DATA SHOWN -
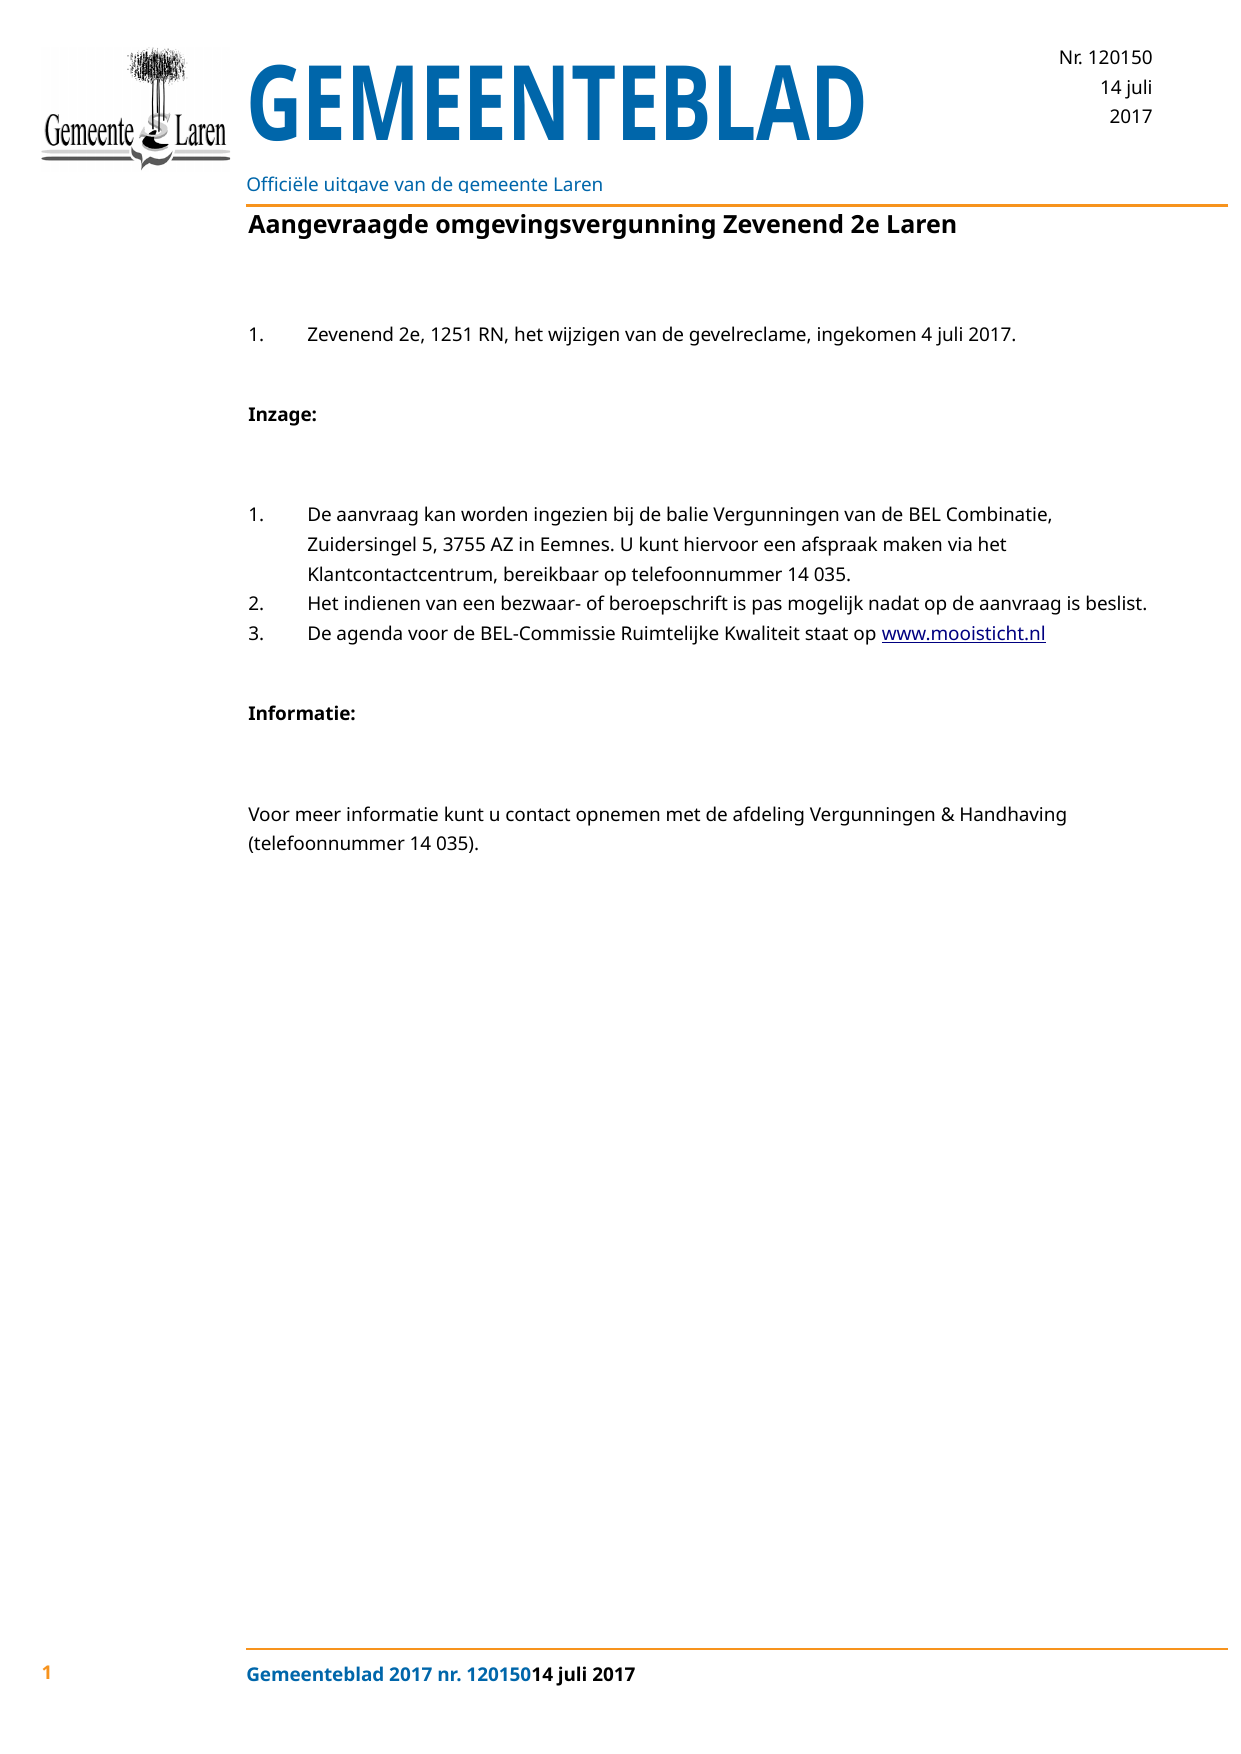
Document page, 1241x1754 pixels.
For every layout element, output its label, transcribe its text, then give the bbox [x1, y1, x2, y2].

list Het indienen van een bezwaar- of beroepschrift is pas mogelijk nadat op de aanvraag is beslist. [248, 590, 1152, 616]
text Aangevraagde omgevingsvergunning Zevenend 2e Laren [248, 207, 1152, 241]
picture [41, 47, 231, 172]
text Inzage: [248, 401, 1152, 426]
text Voor meer informatie kunt u contact opnemen met de afdeling Vergunningen & Handhaving (telefoonnummer 14 035). [248, 801, 1152, 856]
list Zevenend 2e, 1251 RN, het wijzigen van de gevelreclame, ingekomen 4 juli 2017. [248, 321, 1152, 346]
text Informatie: [248, 700, 1152, 726]
list De agenda voor de BEL-Commissie Ruimtelijke Kwaliteit staat op www.mooisticht.nl [248, 620, 1152, 646]
list De aanvraag kan worden ingezien bij de balie Vergunningen van de BEL Combinatie, Zuidersingel 5, 3755 AZ in Eemnes. U kunt hiervoor een afspraak maken via het Klantcontactcentrum, bereikbaar op telefoonnummer 14 035. [248, 502, 1152, 586]
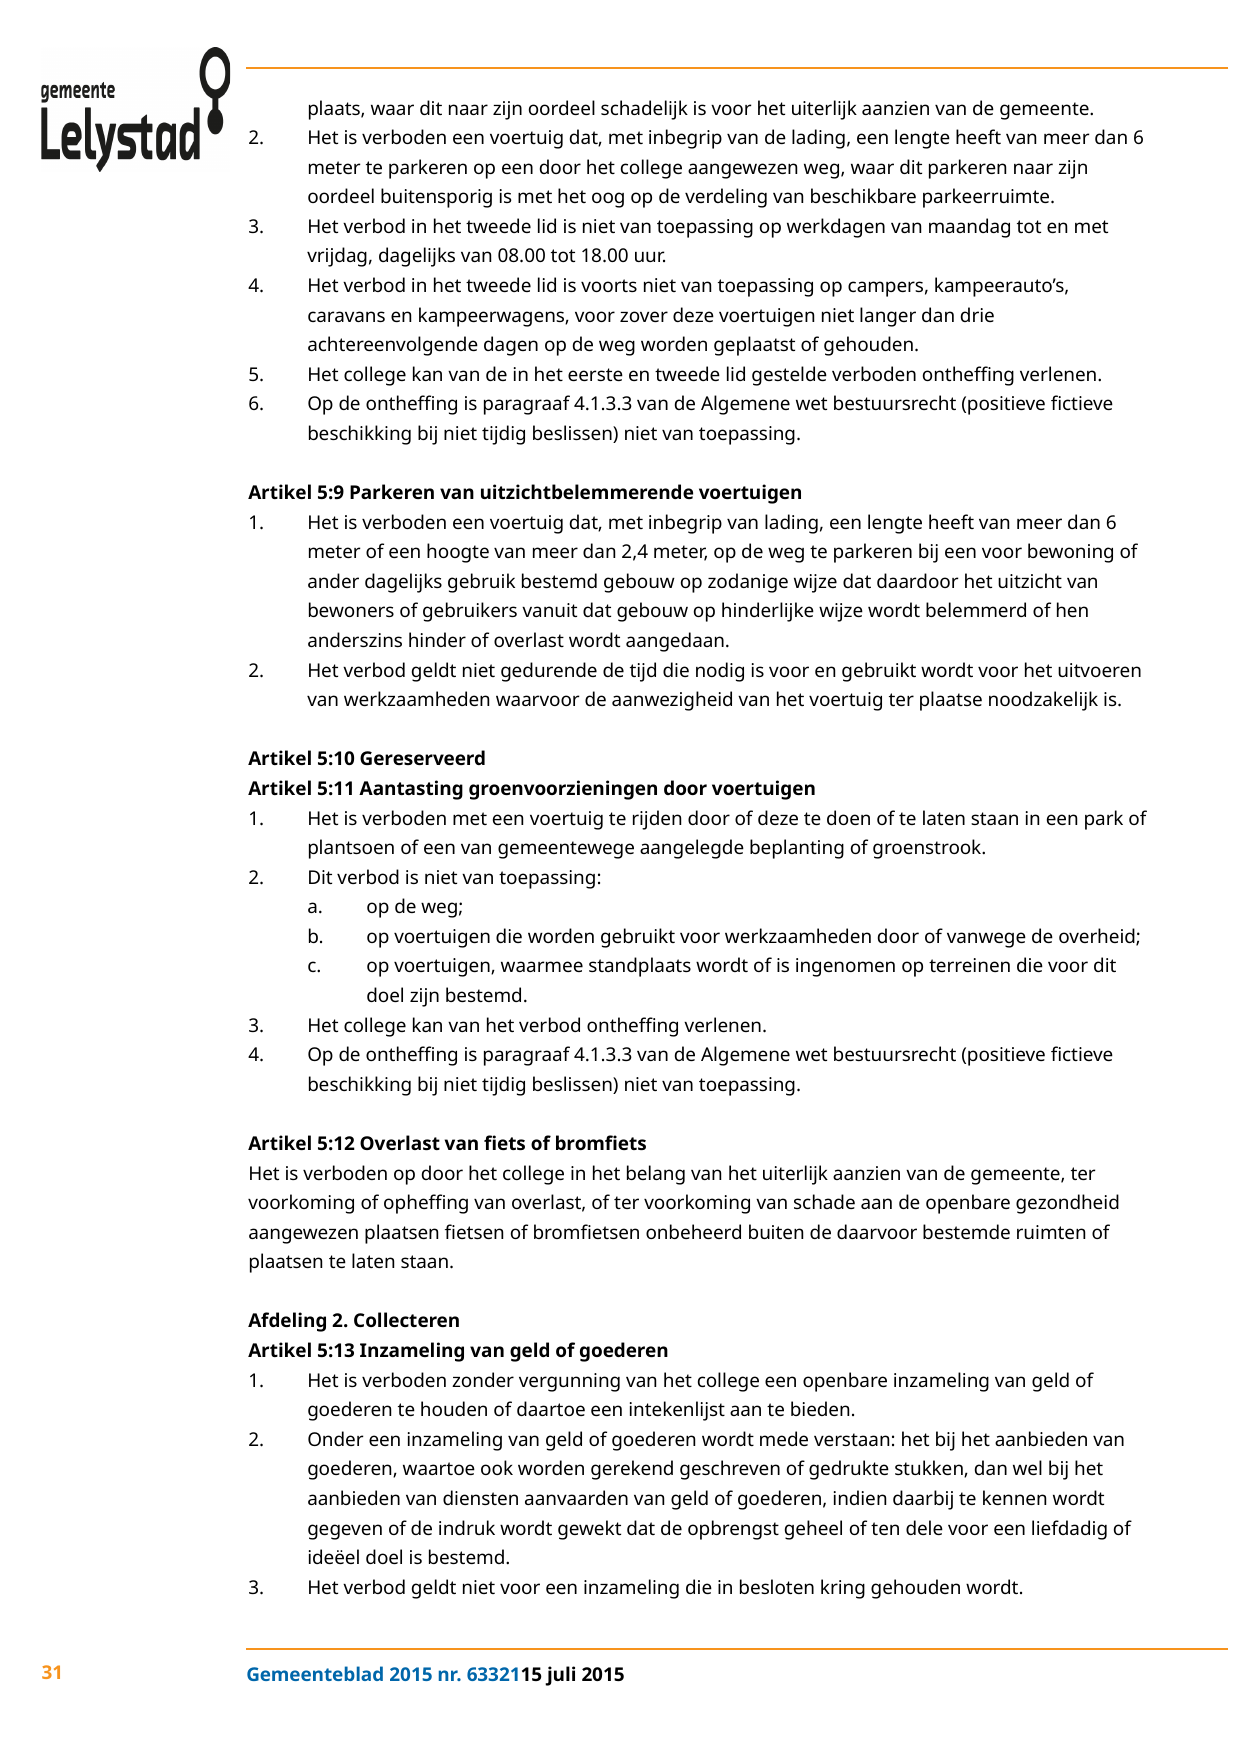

WHAT THE EXERCISE ASKS - Without any pictures, write out the lines running from the one containing "For every layout" through the end of the listing above, both included, exactly as given.

ANSWER SPACE -
For every layout element, output its label, transcribe its text, then give the bbox [x1, y1, x2, y2].

list Het indienen van een bezwaar- of beroepschrift is pas mogelijk nadat op de aanvraag is beslist. [248, 590, 1152, 616]
text Aangevraagde omgevingsvergunning Zevenend 2e Laren [248, 207, 1152, 241]
picture [41, 47, 231, 172]
text Inzage: [248, 401, 1152, 426]
text Voor meer informatie kunt u contact opnemen met de afdeling Vergunningen & Handhaving (telefoonnummer 14 035). [248, 801, 1152, 856]
list Zevenend 2e, 1251 RN, het wijzigen van de gevelreclame, ingekomen 4 juli 2017. [248, 321, 1152, 346]
text Informatie: [248, 700, 1152, 726]
list De agenda voor de BEL-Commissie Ruimtelijke Kwaliteit staat op www.mooisticht.nl [248, 620, 1152, 646]
list De aanvraag kan worden ingezien bij de balie Vergunningen van de BEL Combinatie, Zuidersingel 5, 3755 AZ in Eemnes. U kunt hiervoor een afspraak maken via het Klantcontactcentrum, bereikbaar op telefoonnummer 14 035. [248, 502, 1152, 586]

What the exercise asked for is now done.